We must recognize a number of limitations in the study by Xu Chen et al. Among these are its retrospective nature, introducing a possible source of bias, and the relatively small sample study (325 patients in the entire cohort) as well as the low number of recurrences (16 patients, 11 in the laparoscopy group and five in the open surgery group), findings that can explain the amplitude of the confidence interval (adjusted HR 4.638, 95% CI 1.261 to 17.056; p=0.021). Further limitations include the lack of uniformity in tumor dimension measurement for the entire cohort as well as no central pathology review.
There is further evidence that the minimally invasive approach when performing radical hysterectomy in patients with cervical tumors <2 cm may be associated with higher recurrence rates when compared with the open approach. This has already been demonstrated in at least five recent publications.3–7 Joseph Stalin said "one death is a tragedy, but a million are a statistic". This concept resonates in the results regarding recurrence in tumors <2 cm, since these are ‘diluted’ in the global data of studies which leads to a tone of minimizing the true importance of the issue when counseling patients with early-stage cervical cancer regarding the surgical approach. There is an unfortunate and mistaken tone that tumors <2 cm have similar relapse rates with open and minimally invasive radical hysterectomy. However, one must highlight the fact that the literature tells us otherwise and also one must recognize that these recurrences may occur in the form of carcinomatosis, leading to a non-curable pattern of recurrence. I believe most would agree that this scenario leads to a very unfortunate and disappointing discussion with the patient regarding the potential reason for her unusual recurrence.
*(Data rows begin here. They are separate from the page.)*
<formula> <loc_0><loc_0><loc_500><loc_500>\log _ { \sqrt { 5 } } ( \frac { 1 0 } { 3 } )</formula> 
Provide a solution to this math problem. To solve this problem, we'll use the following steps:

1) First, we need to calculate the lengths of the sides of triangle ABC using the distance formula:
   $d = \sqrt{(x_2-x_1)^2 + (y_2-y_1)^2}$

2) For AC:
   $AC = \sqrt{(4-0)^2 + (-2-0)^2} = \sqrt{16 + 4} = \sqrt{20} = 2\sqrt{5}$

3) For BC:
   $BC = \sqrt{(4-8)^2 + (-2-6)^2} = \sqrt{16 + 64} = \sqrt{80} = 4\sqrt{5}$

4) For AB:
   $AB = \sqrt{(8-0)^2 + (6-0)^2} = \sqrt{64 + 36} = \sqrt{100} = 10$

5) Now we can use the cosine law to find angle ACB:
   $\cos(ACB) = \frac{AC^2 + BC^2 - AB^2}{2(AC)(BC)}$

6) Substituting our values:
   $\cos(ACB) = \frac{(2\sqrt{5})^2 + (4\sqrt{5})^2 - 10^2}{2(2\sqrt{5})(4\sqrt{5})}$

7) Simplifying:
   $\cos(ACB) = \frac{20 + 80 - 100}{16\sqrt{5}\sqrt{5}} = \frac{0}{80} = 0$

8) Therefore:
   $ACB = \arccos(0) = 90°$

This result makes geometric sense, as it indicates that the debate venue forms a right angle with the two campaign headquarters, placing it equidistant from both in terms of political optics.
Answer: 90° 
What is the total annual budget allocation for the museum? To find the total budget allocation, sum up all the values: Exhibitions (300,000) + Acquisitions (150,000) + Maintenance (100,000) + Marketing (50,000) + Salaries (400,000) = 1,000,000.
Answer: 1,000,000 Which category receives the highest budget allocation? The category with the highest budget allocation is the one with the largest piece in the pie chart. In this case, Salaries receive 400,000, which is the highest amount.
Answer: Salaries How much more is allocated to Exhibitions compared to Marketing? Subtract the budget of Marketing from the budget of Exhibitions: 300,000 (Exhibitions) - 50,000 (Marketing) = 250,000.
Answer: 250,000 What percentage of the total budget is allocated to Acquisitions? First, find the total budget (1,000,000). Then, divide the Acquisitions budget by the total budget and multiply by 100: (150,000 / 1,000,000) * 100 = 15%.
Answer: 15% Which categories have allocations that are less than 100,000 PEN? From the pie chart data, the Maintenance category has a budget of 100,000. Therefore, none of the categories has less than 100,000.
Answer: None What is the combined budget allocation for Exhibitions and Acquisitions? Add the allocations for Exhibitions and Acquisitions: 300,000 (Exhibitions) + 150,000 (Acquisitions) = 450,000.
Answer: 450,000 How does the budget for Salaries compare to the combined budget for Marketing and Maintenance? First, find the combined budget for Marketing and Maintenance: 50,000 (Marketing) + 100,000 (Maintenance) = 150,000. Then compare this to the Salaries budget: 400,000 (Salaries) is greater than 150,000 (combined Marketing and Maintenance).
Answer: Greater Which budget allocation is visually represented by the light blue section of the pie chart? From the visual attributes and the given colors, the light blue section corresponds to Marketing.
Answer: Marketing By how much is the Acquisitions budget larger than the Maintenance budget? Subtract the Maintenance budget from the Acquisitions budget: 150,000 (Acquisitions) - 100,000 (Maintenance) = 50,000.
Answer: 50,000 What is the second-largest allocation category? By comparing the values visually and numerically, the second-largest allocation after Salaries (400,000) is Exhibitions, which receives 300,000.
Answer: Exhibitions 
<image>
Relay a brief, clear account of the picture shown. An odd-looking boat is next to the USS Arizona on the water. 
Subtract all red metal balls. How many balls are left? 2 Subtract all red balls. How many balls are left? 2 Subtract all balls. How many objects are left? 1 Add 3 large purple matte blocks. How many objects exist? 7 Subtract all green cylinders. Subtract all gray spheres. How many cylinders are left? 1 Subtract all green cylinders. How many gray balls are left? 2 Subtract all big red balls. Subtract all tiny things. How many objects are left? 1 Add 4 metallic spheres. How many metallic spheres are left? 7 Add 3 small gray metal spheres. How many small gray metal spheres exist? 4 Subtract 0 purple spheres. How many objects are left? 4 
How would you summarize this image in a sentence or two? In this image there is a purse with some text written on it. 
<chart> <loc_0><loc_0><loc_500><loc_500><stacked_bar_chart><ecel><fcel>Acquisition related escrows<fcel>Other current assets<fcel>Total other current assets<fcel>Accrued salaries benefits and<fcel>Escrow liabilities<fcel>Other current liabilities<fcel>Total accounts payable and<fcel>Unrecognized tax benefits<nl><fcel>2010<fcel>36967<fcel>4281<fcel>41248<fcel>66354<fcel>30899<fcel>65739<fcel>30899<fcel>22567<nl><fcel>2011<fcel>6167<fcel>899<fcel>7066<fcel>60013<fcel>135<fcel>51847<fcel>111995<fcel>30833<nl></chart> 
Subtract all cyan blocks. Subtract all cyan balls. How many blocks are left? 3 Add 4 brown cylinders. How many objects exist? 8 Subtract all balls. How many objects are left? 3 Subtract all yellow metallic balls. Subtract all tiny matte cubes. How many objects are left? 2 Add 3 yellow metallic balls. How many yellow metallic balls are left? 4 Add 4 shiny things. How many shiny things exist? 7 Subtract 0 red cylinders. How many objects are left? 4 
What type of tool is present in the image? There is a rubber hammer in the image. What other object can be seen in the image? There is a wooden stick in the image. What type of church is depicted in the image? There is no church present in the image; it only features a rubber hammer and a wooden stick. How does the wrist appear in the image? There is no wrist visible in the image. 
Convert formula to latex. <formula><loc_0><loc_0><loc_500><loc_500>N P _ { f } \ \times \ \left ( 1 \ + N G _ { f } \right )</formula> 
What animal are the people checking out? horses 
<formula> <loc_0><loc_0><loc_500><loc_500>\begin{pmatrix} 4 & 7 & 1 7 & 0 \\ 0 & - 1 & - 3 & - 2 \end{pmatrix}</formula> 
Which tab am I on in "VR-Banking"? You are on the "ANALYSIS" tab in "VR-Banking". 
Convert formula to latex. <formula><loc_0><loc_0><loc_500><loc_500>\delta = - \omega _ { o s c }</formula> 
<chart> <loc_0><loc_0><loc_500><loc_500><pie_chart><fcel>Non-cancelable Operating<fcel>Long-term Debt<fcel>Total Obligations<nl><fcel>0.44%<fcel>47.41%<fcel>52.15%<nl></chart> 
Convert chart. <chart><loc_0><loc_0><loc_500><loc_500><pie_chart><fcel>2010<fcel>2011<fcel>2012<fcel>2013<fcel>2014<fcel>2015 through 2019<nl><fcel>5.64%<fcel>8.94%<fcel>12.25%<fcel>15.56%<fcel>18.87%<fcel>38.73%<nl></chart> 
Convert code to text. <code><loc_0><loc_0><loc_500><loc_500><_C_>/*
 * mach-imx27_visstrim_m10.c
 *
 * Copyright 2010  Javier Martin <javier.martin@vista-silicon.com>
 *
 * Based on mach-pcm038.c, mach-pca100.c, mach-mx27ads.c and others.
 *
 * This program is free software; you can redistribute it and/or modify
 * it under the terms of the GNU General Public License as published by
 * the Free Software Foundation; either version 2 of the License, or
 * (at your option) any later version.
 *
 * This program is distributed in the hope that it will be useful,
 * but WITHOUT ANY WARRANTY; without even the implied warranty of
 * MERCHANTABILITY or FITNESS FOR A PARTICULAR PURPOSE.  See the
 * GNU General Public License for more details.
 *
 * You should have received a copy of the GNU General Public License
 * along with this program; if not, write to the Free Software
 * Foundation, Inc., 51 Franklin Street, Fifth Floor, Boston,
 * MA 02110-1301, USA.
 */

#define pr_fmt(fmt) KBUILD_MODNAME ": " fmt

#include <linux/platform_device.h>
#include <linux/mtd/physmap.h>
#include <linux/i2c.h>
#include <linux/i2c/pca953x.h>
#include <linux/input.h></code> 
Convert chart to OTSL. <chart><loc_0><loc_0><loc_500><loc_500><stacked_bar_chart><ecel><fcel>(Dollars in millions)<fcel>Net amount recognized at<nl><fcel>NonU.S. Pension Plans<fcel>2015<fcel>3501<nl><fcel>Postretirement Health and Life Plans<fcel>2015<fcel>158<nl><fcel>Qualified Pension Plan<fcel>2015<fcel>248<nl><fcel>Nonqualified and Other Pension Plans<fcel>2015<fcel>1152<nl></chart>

We as surgeons must consider the published literature and understand that, although minimally invasive surgery was for a long time believed to be the best choice for our patients undergoing radical hysterectomy, there is evidence of worse oncologic outcomes1 2 and additional evidence that there is no difference in overall adverse events between the two approaches.8 We await the most recent results from the LACC trial on quality of life assessment between the two groups.9
Given these findings, let us make sure that our patients do not become that single avoidable tragedy. I believe the time has come for everyone, as a scientific community, to follow established guidelines10 11 and offer our patients the new standard of care of open radical hysterectomy and agree to only offer minimally invasive radical hysterectomy in the context of a clinical trial. We will soon have the results of the SHAPE trial,12 a prospective randomized trial comparing simple hysterectomy versus radical hysterectomy in patients with low-risk cervical cancer (<2 cm), which may potentially answer the question as to whether such patients need a radical hysterectomy at all, while also recognizing that this may leave us with another unanswered question: if simple hysterectomy proves to be oncologically safe, will the minimally invasive approach still be considered viable when performing such procedure? Until then, let us all be impartial and lead our practice based on the mounting evidence in the literature for open radical hysterectomy.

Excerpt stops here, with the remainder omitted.